The plaudits are coming out in some circles over a “compromise affordable housing” proposal by Pittsburgh City Councilor Erika Strassburger.
Hold the applause, please.
As the Post-Gazette reports it, the Strassburger “compromise” bill would maintain the basic structure of Mayor Ed Gainey’s “inclusionary zoning” proposal, “including certain bonuses for hitting affordability benchmarks, with one very important distinction: It’ll be voluntary for developers to participate in the program, not mandatory.”
As a P-G editorial explains:
“This means that if a developer of a residential project of 20 or more units sets aside at least 10 percent for households below 80 percent area median income, the company would receive relief from other zoning restrictions, such as height limits.

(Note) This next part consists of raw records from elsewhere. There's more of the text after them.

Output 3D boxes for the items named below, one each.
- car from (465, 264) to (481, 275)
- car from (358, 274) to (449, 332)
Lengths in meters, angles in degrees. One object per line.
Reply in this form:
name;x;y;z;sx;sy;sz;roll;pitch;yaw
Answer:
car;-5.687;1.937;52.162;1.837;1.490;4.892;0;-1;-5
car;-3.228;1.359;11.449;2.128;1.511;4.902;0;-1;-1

It’s a way of encouraging and rewarding building mixed-income developments that recognizes that doing so is costly. However, if a developer does not wish to include affordable units, the company can still build, just within the normal limits.”

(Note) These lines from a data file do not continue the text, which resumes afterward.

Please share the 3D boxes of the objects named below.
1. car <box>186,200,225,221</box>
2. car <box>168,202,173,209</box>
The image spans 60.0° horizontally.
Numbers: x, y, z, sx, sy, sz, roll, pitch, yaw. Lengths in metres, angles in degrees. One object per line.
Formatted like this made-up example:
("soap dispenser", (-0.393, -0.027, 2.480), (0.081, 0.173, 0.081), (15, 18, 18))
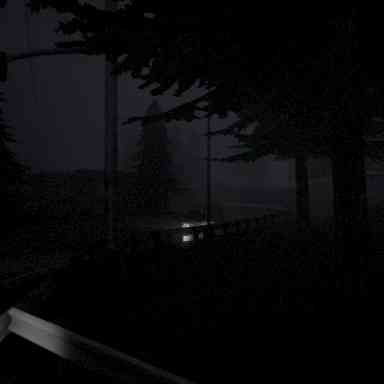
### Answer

But, and at least on the surface, there appears to be a fatal legal flaw in this “compromise.”
As the P-G editorial further notes:
“Under the original Gainey plan, the affordability benchmarks would have been mandates, meaning every 20-plus-unit project in the city would have been required to be mixed income,” thus further stifling “an already stagnant market for residential construction — which in turn, by keeping the supply of housing tight, would hurt overall affordability in Pittsburgh.”

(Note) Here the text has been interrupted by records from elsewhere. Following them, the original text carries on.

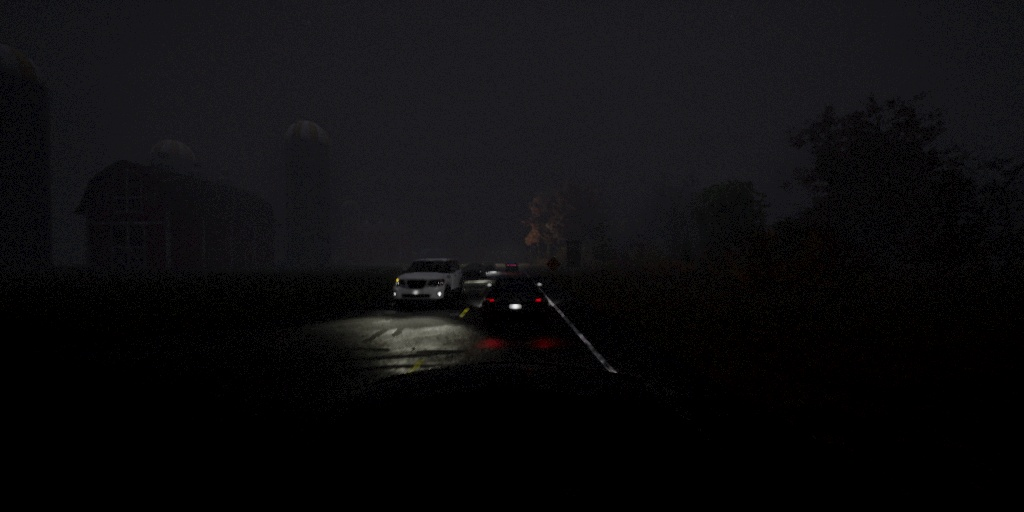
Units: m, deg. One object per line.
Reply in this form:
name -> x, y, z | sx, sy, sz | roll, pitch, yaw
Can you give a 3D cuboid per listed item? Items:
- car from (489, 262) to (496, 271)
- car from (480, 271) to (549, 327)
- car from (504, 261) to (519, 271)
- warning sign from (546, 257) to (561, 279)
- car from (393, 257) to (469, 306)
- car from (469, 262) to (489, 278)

Simply put, mandatory “inclusionary zoning” in pursuit of “affordable housing” leads to less housing at a higher cost.
But here’s the potential legal hitch:
“The Strassburger amendment would keep existing [inclusionary zoning] mandates in place in neighborhoods like Lawrenceville, Polish Hill, Bloomfield and parts of Oakland. The voluntary policy would apply to the rest of the city,” the P-G says, calling it “a remarkable expansion of affordability incentives, which developers that already specialize in affordable and mixed-income projects should take advantage of.”
And equal treatment under the law becomes a dead letter. You can’t have developers in three neighborhoods and part of another expected to follow one deleterious restriction while those in all others have considerable wiggle room to mitigate their costs.
“Inclusionary zoning” has not worked in Lawrenceville, Polish Hill, Bloomfield and parts of Oakland. And the Strassburger “compromise” stands to make sure it never does. (Unless, that is, some brainiac hatches a plan to have taxpayers somehow subsidize developers in those areas in a warped effort to make them “whole” and their new housing “affordable.”)
The P-G notes that Mayor Gainey is adamantly opposed to the “compromise” measure; he wants his plan enacted as originally envisioned – citywide.
Mandatory “inclusionary zoning” citywide would be an unmitigated disaster, an onerous governor on much-needed, market-guided housing development.
But a Strassburger “compromise” that automatically consigns three neighborhoods and part of another to housing development purgatory, and likely in violation of equal treatment laws at that, is no “compromise” at all.
If Pittsburgh City Council is so hell-bent on using “inclusionary zoning” in pursuit of “affordable housing,” the program must be market-based — and that means voluntary – for all.